Name of the Group:
Liver-Brain Unit “Rita Moretti”
Silvia Gazzin (Senior Scientist)
John Paul Llido (PhD Student)
Camilla Dalla Verde (PhD Student)
Giorgia Valerio (Master Degree Student)
Cristina Bellarosa (Senior Scientist)
Benedetta Blarasin (PhD Student)
Serena Buzzi (Master Degree Student)
The group is active on three different research lines:
- Neurological damage in severe neonatal jaundice (kernicterus)
- Parkinson's disease
- the development of new tools for the study of liver diseases
In the field of kernicterus, we are currently investigating A) the epigenetic impact of bilirubin on brain development, which presents transient effects (e.g. on differentiation, synaptogenesis, plasticity and repair, energy metabolism, etc.) localized to specific brain structures, which a transcriptomic imprinting in motor areas. The genes identified, among other things, could explain the higher frequency of neuropsychiatric syndromes in adulthood for people who have had neonatal jaundice. B) We are also investigating the genetic variables potentially responsible for the symptomatic variability observed in the clinic, with the final aim of creating a diagnostic chip that allows a more precise identification of newborns at risk of neurological damage, with an optimization and individualization of care. C) Based on the acquired biomolecular knowledge, pharmacological approaches (primarily curcumin) are being validated that are able to counteract neurological damage despite the presence of severe jaundice. These approaches are easy to implement even in low-incoming countries where neonatal jaundice is still a cause of neonatal death.

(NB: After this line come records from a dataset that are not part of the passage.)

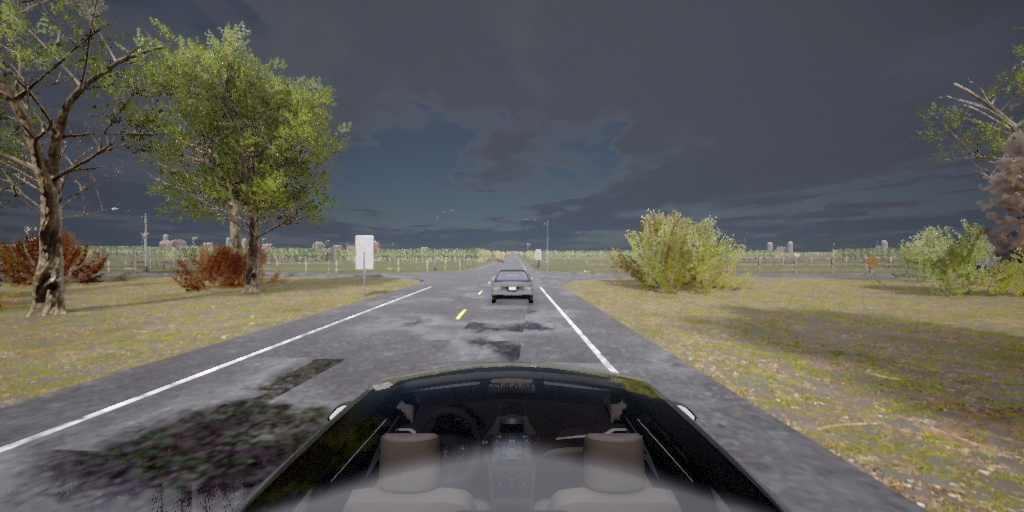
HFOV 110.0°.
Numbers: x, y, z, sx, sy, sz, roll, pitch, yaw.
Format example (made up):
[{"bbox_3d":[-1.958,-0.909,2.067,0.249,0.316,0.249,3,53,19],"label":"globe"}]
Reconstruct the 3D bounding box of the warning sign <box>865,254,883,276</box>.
[{"bbox_3d":[30.796,0.757,30.595,1.060,1.860,1.300,0,0,5],"label":"warning sign"}]

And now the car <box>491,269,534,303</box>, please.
[{"bbox_3d":[0.023,1.306,16.487,2.033,1.411,5.357,0,0,0],"label":"car"}]

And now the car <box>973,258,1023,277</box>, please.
[{"bbox_3d":[44.332,0.940,31.941,4.553,1.767,2.097,0,0,5],"label":"car"}]
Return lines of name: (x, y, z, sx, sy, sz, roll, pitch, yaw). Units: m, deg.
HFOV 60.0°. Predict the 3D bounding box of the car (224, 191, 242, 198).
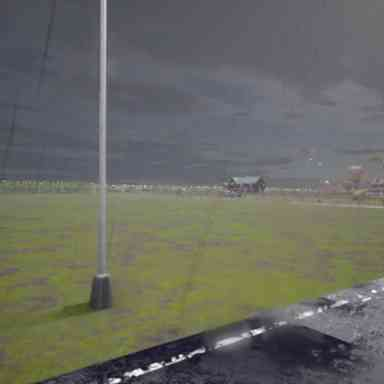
car: (8.539, 0.548, 69.397, 1.994, 1.385, 4.181, 1, 0, -36)
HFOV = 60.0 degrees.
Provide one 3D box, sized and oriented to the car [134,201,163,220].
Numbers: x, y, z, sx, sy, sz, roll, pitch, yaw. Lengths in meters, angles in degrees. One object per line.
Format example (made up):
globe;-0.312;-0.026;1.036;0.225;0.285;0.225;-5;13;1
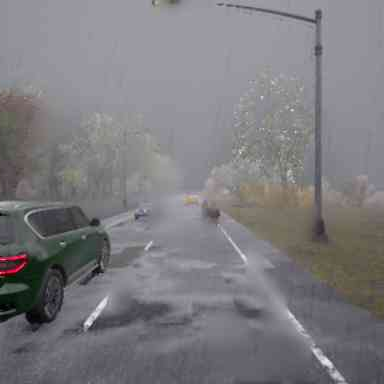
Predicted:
car;-3.415;1.420;26.805;2.033;1.411;5.357;0;0;0

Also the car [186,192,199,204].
car;0.071;1.218;55.134;1.882;1.535;5.008;0;0;0

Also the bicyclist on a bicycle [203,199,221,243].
bicyclist on a bicycle;0.960;1.301;14.579;0.659;1.776;1.843;0;0;0

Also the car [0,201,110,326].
car;-3.406;1.187;7.176;2.150;2.045;5.566;0;0;0

A parallel project concerns the role of calcium homeostasis in bilirubin neurotoxicity, in order to find new therapeutic approaches to prevent permanent neurological damage in newborns affected by severe and prolonged hyperbilirubinemia.
In the field of neurodegenerative diseases, following the identification of the determining effect of TNF-alpha in the death of dopaminergic neurons, prevented by administering low doses of bilirubin, work is underway in two directions: 1) In collaboration with the University of Turin, work is underway on the validation of a nano delivery system of bilirubin (nanobubbles) to the substantia nigra. 2) An alternative in vitro model of slow degeneration of dopaminergic neurons in Parkinson's disease is also being created to be used as a platform for screening compounds with anti-inflammatory action. The compounds will be selected through an in silico approach, screened on the model through biomolecular approaches of drug/signalling-transcriptomics, and validated for long-term efficacy and safety (bottom-up approach), both in a prophylactic and therapeutic regimen.
Regarding the development of new experimental models for the study of liver diseases, two different approaches are being followed. The first is focused on obtaining polarized hepatocytes from urine samples, in order to have a model for the study of liver diseases that can be obtained in a minimally invasive way, preserved by freezing and that allows the study of the molecular mechanisms of the pathology as well as drug screening. In addition to this, as a 3D model, organoids are being developed from adult primary hepatocytes capable of remaining in culture for over a month.